Despite being someone who has lived in the west of Scotland for the vast majority of his life, there are times when I forget to look around me and appreciate the beautiful buildings which are there.
Some of the most impressive of these are the churches, many of which are no longer used as places of worship and have found new uses in the 21st century.
In this book author Gordon Adams surveys the historic churches of Glasgow, outlining their story through the ages and picking out interesting features of each, all accompanied by photographs, with some archival illustrations too.
The churches range from the elegant 19th-century St Vincent Street Church, to the intimate Govan Old Parish Church with its unsurpassed collection of mediaeval monument stones, the unique Queen’s Cross, the only church built by Charles Rennie MacIntosh, and many more gems.

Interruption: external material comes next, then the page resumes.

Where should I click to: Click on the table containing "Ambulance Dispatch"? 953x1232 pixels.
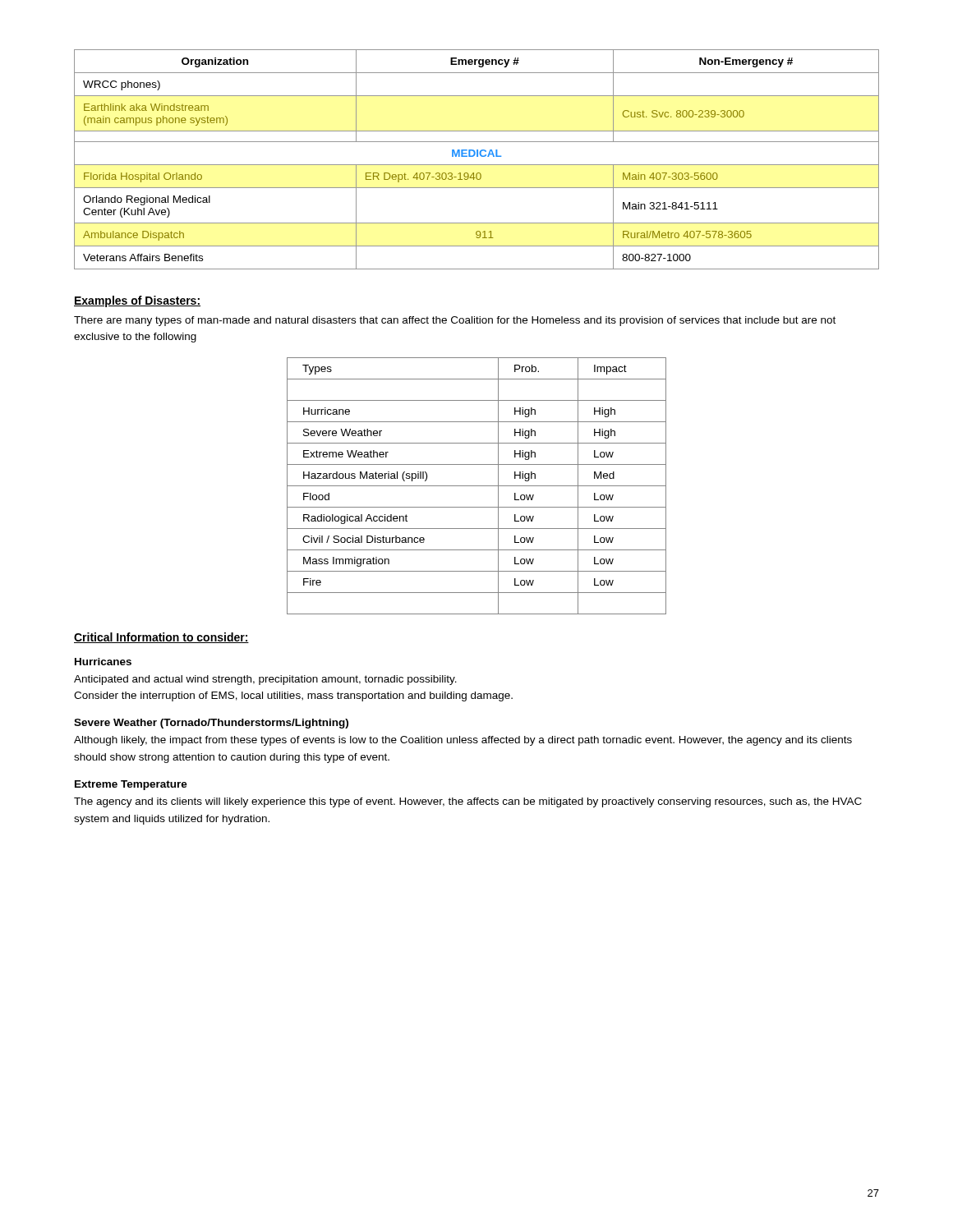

The most fascinating discovery for me was the history of the Alexander ‘Greek’ Thomson church in the Gorbals, a building I have known all my life but never knew the history of, and stands alone on a traffic island as the city has changed around it.
Adams’ eye for detail is immaculate, and includes a church, now Burnside Blairbeth Church, in Rutherglen, which lies outside of Glasgow, but was originally known as St Gilbert’s and located elsewhere in the city, before being moved brick by brick to the Royal Burgh.
This fascinating picture of an important part of the history of Glasgow over the centuries will be of interest to all those who live in or are visiting the city.
Churches of Glasgow, by Gordon Adams, published by Amberley, £15.99.